We tell our patients, "Your HbA1c should be less than 7.0, your LDL should be less than 100, your systolic blood pressure should be less than 130.  If you get down to your ideal body weight and stop eating all the bad things you eat, and start exercising 40 minutes 3-4 times a week, you will get there.  Otherwise we will need to start medications". They return in 3-4 months and have not made any progress.

As physicians we see this all the time and get frustrated when our patients (some of whom are also physicians) do not "comply" with our recommendations.  So what can we do?  Are we fighting a losing battle?  Have we already lost the war?

Lessons from a soccer coach
I got some hope recently talking to my daughter's soccer coach.  One of the drills that all aspiring soccer players need to do is juggling the soccer ball.  This essentially means being able to move the ball from one foot to the other without letting it touch the floor/ground.  Good players should be able to do this over 100 times quite easily.  For a young player new to the sport this is a daunting task.  Doing it even 5 times is an achievement.  Progress is very slow and it can take months to years before a player can juggle 50-100 times.  As one can imagine, young players would get quite frustrated and give up.  So I asked my daughter's coach how he motivates his players to do this.

He said,"I don't tell them to try and get to a hundred.  I ask them to count the number of times it takes to get to a hundred.  Then I ask them to keep a log of this number".  This made intuitive sense and then I realized what he was doing.  He was changing the goal.  He was taking away the unrealistic (outcome) expectations of  reaching a goal of 100 without dropping the ball.  There was no risk of failure.  The goal was "can you juggle the ball and keep track of a number" not "can you juggle the ball 100 times".  Inherent in this model, is the knowledge that if the player keeps juggling, he will get better and will see that progress on his log.  This will serve as a self-motivator.
Another concept that is built into this is what my chairman always likes to say, "Don't let perfect be the enemy of the good".

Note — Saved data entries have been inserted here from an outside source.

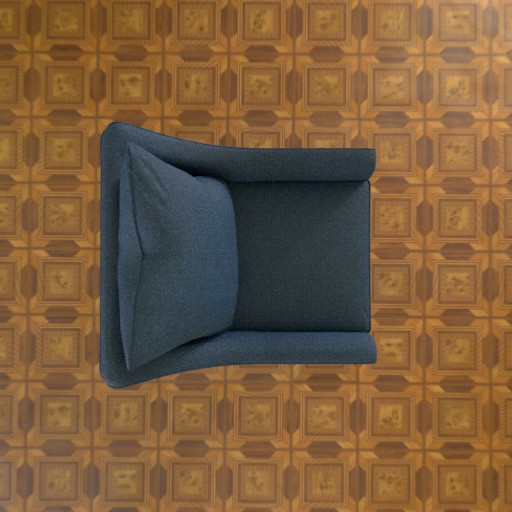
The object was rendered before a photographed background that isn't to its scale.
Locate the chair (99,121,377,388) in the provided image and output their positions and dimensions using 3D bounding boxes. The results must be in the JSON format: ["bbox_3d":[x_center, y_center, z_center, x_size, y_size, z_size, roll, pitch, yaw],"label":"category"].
[{"bbox_3d":[0.000,0.000,1.583,0.870,0.939,0.750,0,89,0],"label":"chair"}]
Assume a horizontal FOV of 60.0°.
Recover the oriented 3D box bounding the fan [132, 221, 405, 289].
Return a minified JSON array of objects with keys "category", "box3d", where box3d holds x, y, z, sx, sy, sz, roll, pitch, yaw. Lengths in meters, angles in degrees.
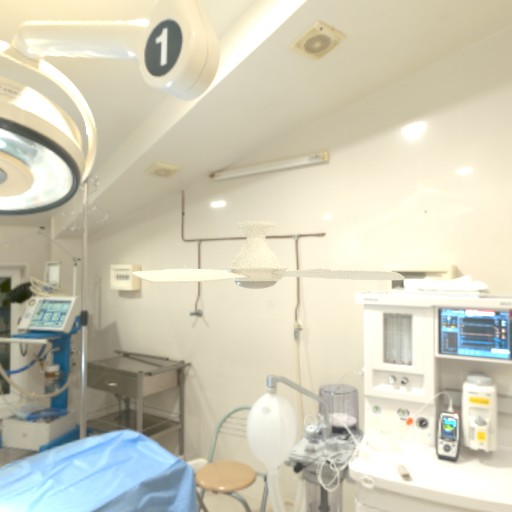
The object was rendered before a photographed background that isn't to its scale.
[{"category":"fan","box3d":[0.000,0.000,2.578,1.693,0.382,1.694,-1,-1,36]}]
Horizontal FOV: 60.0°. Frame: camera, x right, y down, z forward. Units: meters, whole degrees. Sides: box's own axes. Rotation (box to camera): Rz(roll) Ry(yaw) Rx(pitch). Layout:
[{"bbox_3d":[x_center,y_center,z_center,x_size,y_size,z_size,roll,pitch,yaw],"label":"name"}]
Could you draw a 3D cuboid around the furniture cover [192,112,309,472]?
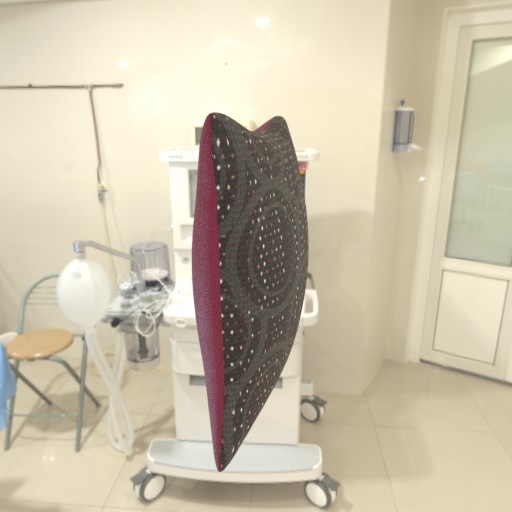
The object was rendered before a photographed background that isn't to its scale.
[{"bbox_3d":[0.000,0.000,0.837,0.193,0.509,0.552,3,17,11],"label":"furniture cover"}]
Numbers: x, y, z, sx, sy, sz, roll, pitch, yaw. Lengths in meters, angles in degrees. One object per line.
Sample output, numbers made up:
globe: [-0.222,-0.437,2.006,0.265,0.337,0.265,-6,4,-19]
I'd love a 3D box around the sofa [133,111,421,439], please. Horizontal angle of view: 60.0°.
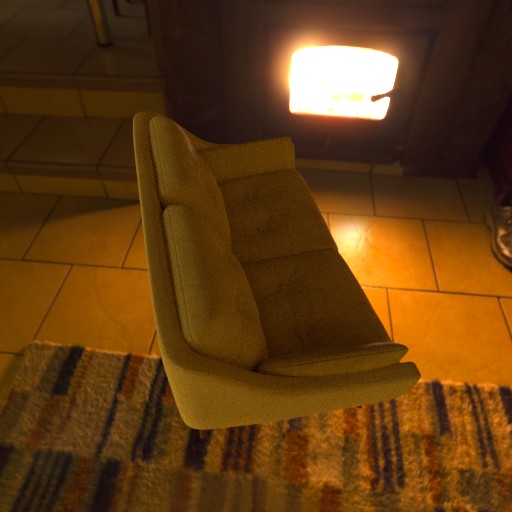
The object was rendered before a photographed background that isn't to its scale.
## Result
sofa: [0.000,0.000,2.173,0.965,0.888,1.652,-10,48,-10]

So what are the lessons for us when helping our patients and ourselves?  Let me list these again with the example of our sedentary friend with diabetes in mind:

  • Make the goal a process not an outcome.  Tell our patient to keep track of how many days he actually spends time walking for exercise.  Don't tell him that the goal is to lose 12 pounds in the next 3 months.
  • Next ask him to calculate how many weeks it takes him to achieve 15 days of walking e.g. if he walks every other day, it will take him 30 days to reach this goal.  
  • Next ask him to wear a pedometer and see how many days it takes to reach 50,000 steps.  Don't tell him to walk 10,000 steps a day.  
  • Make the walking more fun or interesting (if possible).  On a treadmill, get an iPad and watch Ted Talks while walking with some Pandora to break up the monotony.  
  • Have the patient create a Google spreadsheet and a form what he can enter this data from any computer.  It would look something like the one below.  The patient can share the spreadsheet with you (the physician) and send you an email every time he gets to 10 days of walking or 50 K steps.  
  • After an appropriate period of using this, you could go up one level e.g. # of days in a month that you walked more than 3 miles or # of days you walked more than 5,000 steps.  
  • When it seems like there has been a substantial consistent change in behavior check some parameters that will provide feedback to patient that he is making progress with his diabetes and obesity.  This will serve to improve the chance of sustaining the behavior modification.